- **Data shown**
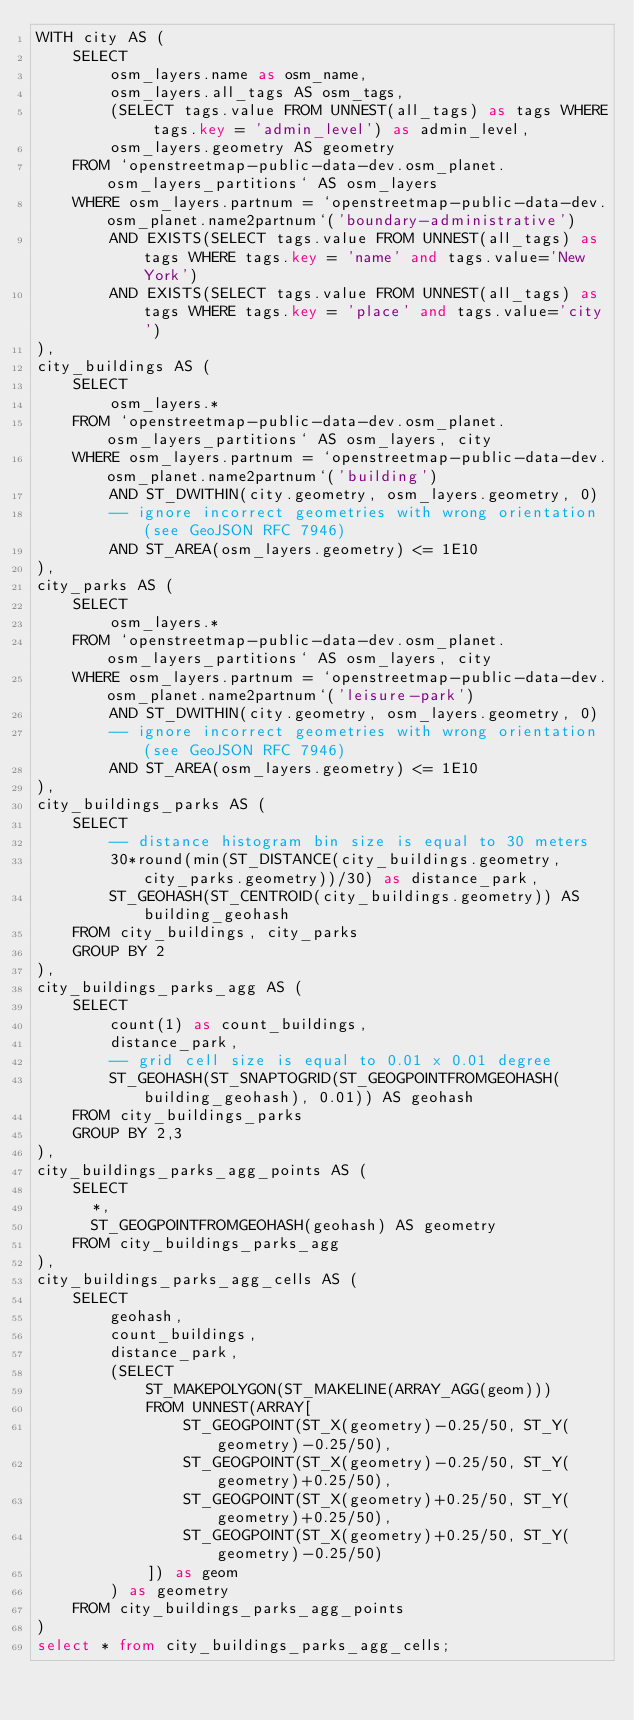Convert code to text. <code><loc_0><loc_0><loc_500><loc_500><_SQL_>WITH city AS (
	SELECT
		osm_layers.name as osm_name,
		osm_layers.all_tags AS osm_tags,
		(SELECT tags.value FROM UNNEST(all_tags) as tags WHERE tags.key = 'admin_level') as admin_level,
		osm_layers.geometry AS geometry
	FROM `openstreetmap-public-data-dev.osm_planet.osm_layers_partitions` AS osm_layers
	WHERE osm_layers.partnum = `openstreetmap-public-data-dev.osm_planet.name2partnum`('boundary-administrative')
		AND EXISTS(SELECT tags.value FROM UNNEST(all_tags) as tags WHERE tags.key = 'name' and tags.value='New York')
		AND EXISTS(SELECT tags.value FROM UNNEST(all_tags) as tags WHERE tags.key = 'place' and tags.value='city')
),
city_buildings AS (
	SELECT
		osm_layers.*
	FROM `openstreetmap-public-data-dev.osm_planet.osm_layers_partitions` AS osm_layers, city
	WHERE osm_layers.partnum = `openstreetmap-public-data-dev.osm_planet.name2partnum`('building')
		AND ST_DWITHIN(city.geometry, osm_layers.geometry, 0)
		-- ignore incorrect geometries with wrong orientation (see GeoJSON RFC 7946)
		AND ST_AREA(osm_layers.geometry) <= 1E10
),
city_parks AS (
	SELECT
		osm_layers.*
	FROM `openstreetmap-public-data-dev.osm_planet.osm_layers_partitions` AS osm_layers, city
	WHERE osm_layers.partnum = `openstreetmap-public-data-dev.osm_planet.name2partnum`('leisure-park')
		AND ST_DWITHIN(city.geometry, osm_layers.geometry, 0)
		-- ignore incorrect geometries with wrong orientation (see GeoJSON RFC 7946)
		AND ST_AREA(osm_layers.geometry) <= 1E10
),
city_buildings_parks AS (
	SELECT
		-- distance histogram bin size is equal to 30 meters
		30*round(min(ST_DISTANCE(city_buildings.geometry, city_parks.geometry))/30) as distance_park,
		ST_GEOHASH(ST_CENTROID(city_buildings.geometry)) AS building_geohash
	FROM city_buildings, city_parks
	GROUP BY 2
),
city_buildings_parks_agg AS (
	SELECT
		count(1) as count_buildings,
		distance_park,
		-- grid cell size is equal to 0.01 x 0.01 degree
		ST_GEOHASH(ST_SNAPTOGRID(ST_GEOGPOINTFROMGEOHASH(building_geohash), 0.01)) AS geohash
	FROM city_buildings_parks
	GROUP BY 2,3
),
city_buildings_parks_agg_points AS (
	SELECT
	  *,
	  ST_GEOGPOINTFROMGEOHASH(geohash) AS geometry
	FROM city_buildings_parks_agg
),
city_buildings_parks_agg_cells AS (
	SELECT
		geohash,
		count_buildings,
		distance_park,
		(SELECT
			ST_MAKEPOLYGON(ST_MAKELINE(ARRAY_AGG(geom)))
			FROM UNNEST(ARRAY[
				ST_GEOGPOINT(ST_X(geometry)-0.25/50, ST_Y(geometry)-0.25/50),
				ST_GEOGPOINT(ST_X(geometry)-0.25/50, ST_Y(geometry)+0.25/50),
				ST_GEOGPOINT(ST_X(geometry)+0.25/50, ST_Y(geometry)+0.25/50),
				ST_GEOGPOINT(ST_X(geometry)+0.25/50, ST_Y(geometry)-0.25/50)
			]) as geom
		) as geometry
	FROM city_buildings_parks_agg_points
)
select * from city_buildings_parks_agg_cells;
</code> 
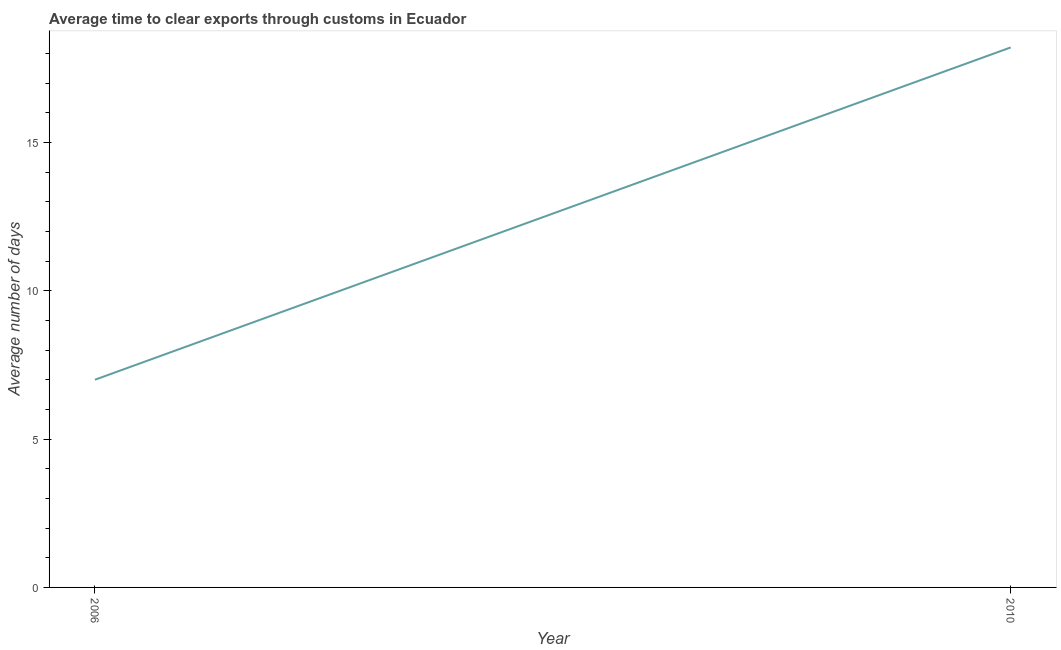Across all years, what is the minimum time to clear exports through customs?
Keep it short and to the point. 7. What is the sum of the time to clear exports through customs?
Give a very brief answer. 25.2. What is the difference between the time to clear exports through customs in 2006 and 2010?
Offer a very short reply. -11.2. What is the median time to clear exports through customs?
Give a very brief answer. 12.6. In how many years, is the time to clear exports through customs greater than 8 days?
Provide a short and direct response. 1. Do a majority of the years between 2010 and 2006 (inclusive) have time to clear exports through customs greater than 12 days?
Provide a succinct answer. No. What is the ratio of the time to clear exports through customs in 2006 to that in 2010?
Provide a short and direct response. 0.38. Is the time to clear exports through customs in 2006 less than that in 2010?
Give a very brief answer. Yes. How many years are there in the graph?
Offer a terse response. 2. What is the difference between two consecutive major ticks on the Y-axis?
Ensure brevity in your answer.  5. Are the values on the major ticks of Y-axis written in scientific E-notation?
Give a very brief answer. No. Does the graph contain grids?
Offer a terse response. No. What is the title of the graph?
Your answer should be very brief. Average time to clear exports through customs in Ecuador. What is the label or title of the Y-axis?
Give a very brief answer. Average number of days. What is the Average number of days of 2006?
Offer a terse response. 7. What is the Average number of days in 2010?
Your answer should be very brief. 18.2. What is the ratio of the Average number of days in 2006 to that in 2010?
Provide a succinct answer. 0.39. 
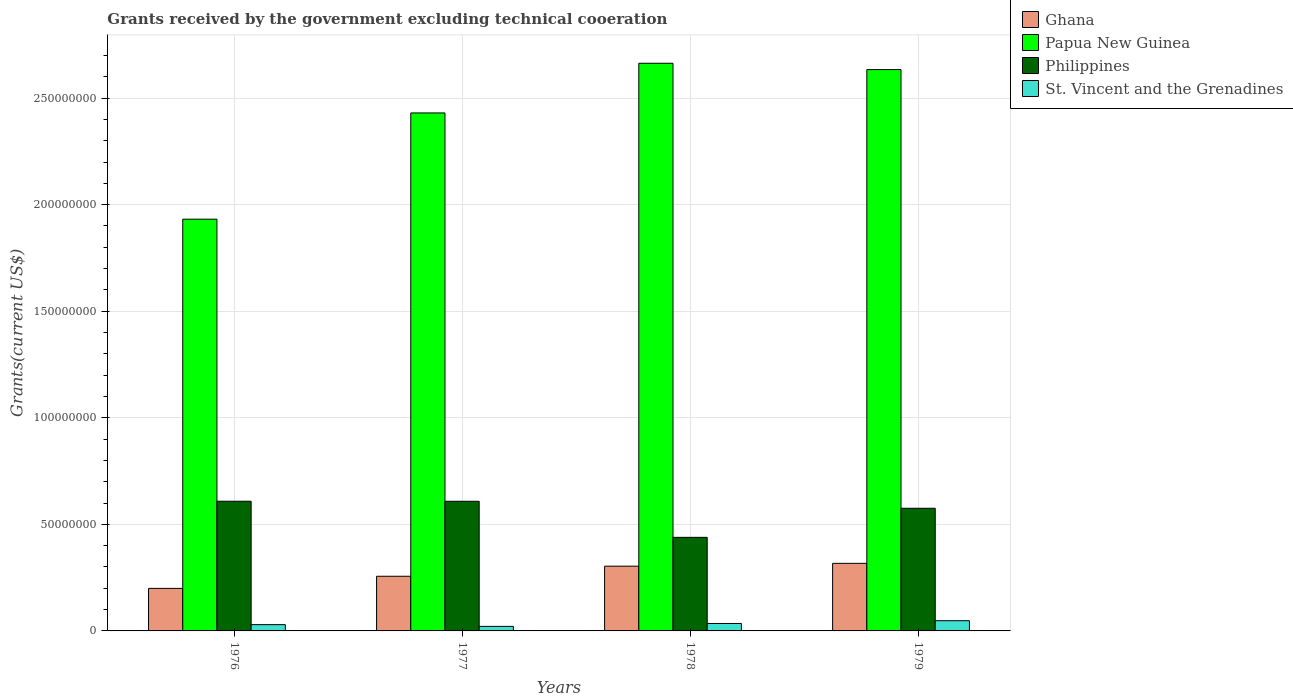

- **What is being asked**
Wherever a picture appears in the material above, skip it and copy the rest without change.

- **Result for this task**
Convert code to text. <code><loc_0><loc_0><loc_500><loc_500><_SQL_>WITH city AS (
	SELECT
		osm_layers.name as osm_name,
		osm_layers.all_tags AS osm_tags,
		(SELECT tags.value FROM UNNEST(all_tags) as tags WHERE tags.key = 'admin_level') as admin_level,
		osm_layers.geometry AS geometry
	FROM `openstreetmap-public-data-dev.osm_planet.osm_layers_partitions` AS osm_layers
	WHERE osm_layers.partnum = `openstreetmap-public-data-dev.osm_planet.name2partnum`('boundary-administrative')
		AND EXISTS(SELECT tags.value FROM UNNEST(all_tags) as tags WHERE tags.key = 'name' and tags.value='New York')
		AND EXISTS(SELECT tags.value FROM UNNEST(all_tags) as tags WHERE tags.key = 'place' and tags.value='city')
),
city_buildings AS (
	SELECT
		osm_layers.*
	FROM `openstreetmap-public-data-dev.osm_planet.osm_layers_partitions` AS osm_layers, city
	WHERE osm_layers.partnum = `openstreetmap-public-data-dev.osm_planet.name2partnum`('building')
		AND ST_DWITHIN(city.geometry, osm_layers.geometry, 0)
		-- ignore incorrect geometries with wrong orientation (see GeoJSON RFC 7946)
		AND ST_AREA(osm_layers.geometry) <= 1E10
),
city_parks AS (
	SELECT
		osm_layers.*
	FROM `openstreetmap-public-data-dev.osm_planet.osm_layers_partitions` AS osm_layers, city
	WHERE osm_layers.partnum = `openstreetmap-public-data-dev.osm_planet.name2partnum`('leisure-park')
		AND ST_DWITHIN(city.geometry, osm_layers.geometry, 0)
		-- ignore incorrect geometries with wrong orientation (see GeoJSON RFC 7946)
		AND ST_AREA(osm_layers.geometry) <= 1E10
),
city_buildings_parks AS (
	SELECT
		-- distance histogram bin size is equal to 30 meters
		30*round(min(ST_DISTANCE(city_buildings.geometry, city_parks.geometry))/30) as distance_park,
		ST_GEOHASH(ST_CENTROID(city_buildings.geometry)) AS building_geohash
	FROM city_buildings, city_parks
	GROUP BY 2
),
city_buildings_parks_agg AS (
	SELECT
		count(1) as count_buildings,
		distance_park,
		-- grid cell size is equal to 0.01 x 0.01 degree
		ST_GEOHASH(ST_SNAPTOGRID(ST_GEOGPOINTFROMGEOHASH(building_geohash), 0.01)) AS geohash
	FROM city_buildings_parks
	GROUP BY 2,3
),
city_buildings_parks_agg_points AS (
	SELECT
	  *,
	  ST_GEOGPOINTFROMGEOHASH(geohash) AS geometry
	FROM city_buildings_parks_agg
),
city_buildings_parks_agg_cells AS (
	SELECT
		geohash,
		count_buildings,
		distance_park,
		(SELECT
			ST_MAKEPOLYGON(ST_MAKELINE(ARRAY_AGG(geom)))
			FROM UNNEST(ARRAY[
				ST_GEOGPOINT(ST_X(geometry)-0.25/50, ST_Y(geometry)-0.25/50),
				ST_GEOGPOINT(ST_X(geometry)-0.25/50, ST_Y(geometry)+0.25/50),
				ST_GEOGPOINT(ST_X(geometry)+0.25/50, ST_Y(geometry)+0.25/50),
				ST_GEOGPOINT(ST_X(geometry)+0.25/50, ST_Y(geometry)-0.25/50)
			]) as geom
		) as geometry
	FROM city_buildings_parks_agg_points
)
select * from city_buildings_parks_agg_cells;
</code> 
Across all years, what is the minimum time to clear exports through customs?
Keep it short and to the point. 7. What is the sum of the time to clear exports through customs?
Give a very brief answer. 25.2. What is the difference between the time to clear exports through customs in 2006 and 2010?
Offer a very short reply. -11.2. What is the median time to clear exports through customs?
Give a very brief answer. 12.6. In how many years, is the time to clear exports through customs greater than 8 days?
Provide a short and direct response. 1. Do a majority of the years between 2010 and 2006 (inclusive) have time to clear exports through customs greater than 12 days?
Provide a succinct answer. No. What is the ratio of the time to clear exports through customs in 2006 to that in 2010?
Provide a short and direct response. 0.38. Is the time to clear exports through customs in 2006 less than that in 2010?
Give a very brief answer. Yes. How many years are there in the graph?
Offer a terse response. 2. What is the difference between two consecutive major ticks on the Y-axis?
Ensure brevity in your answer.  5. Are the values on the major ticks of Y-axis written in scientific E-notation?
Give a very brief answer. No. Does the graph contain grids?
Offer a terse response. No. What is the title of the graph?
Your answer should be very brief. Average time to clear exports through customs in Ecuador. What is the label or title of the Y-axis?
Give a very brief answer. Average number of days. What is the Average number of days of 2006?
Offer a terse response. 7. What is the Average number of days in 2010?
Your answer should be very brief. 18.2. What is the ratio of the Average number of days in 2006 to that in 2010?
Provide a succinct answer. 0.39. 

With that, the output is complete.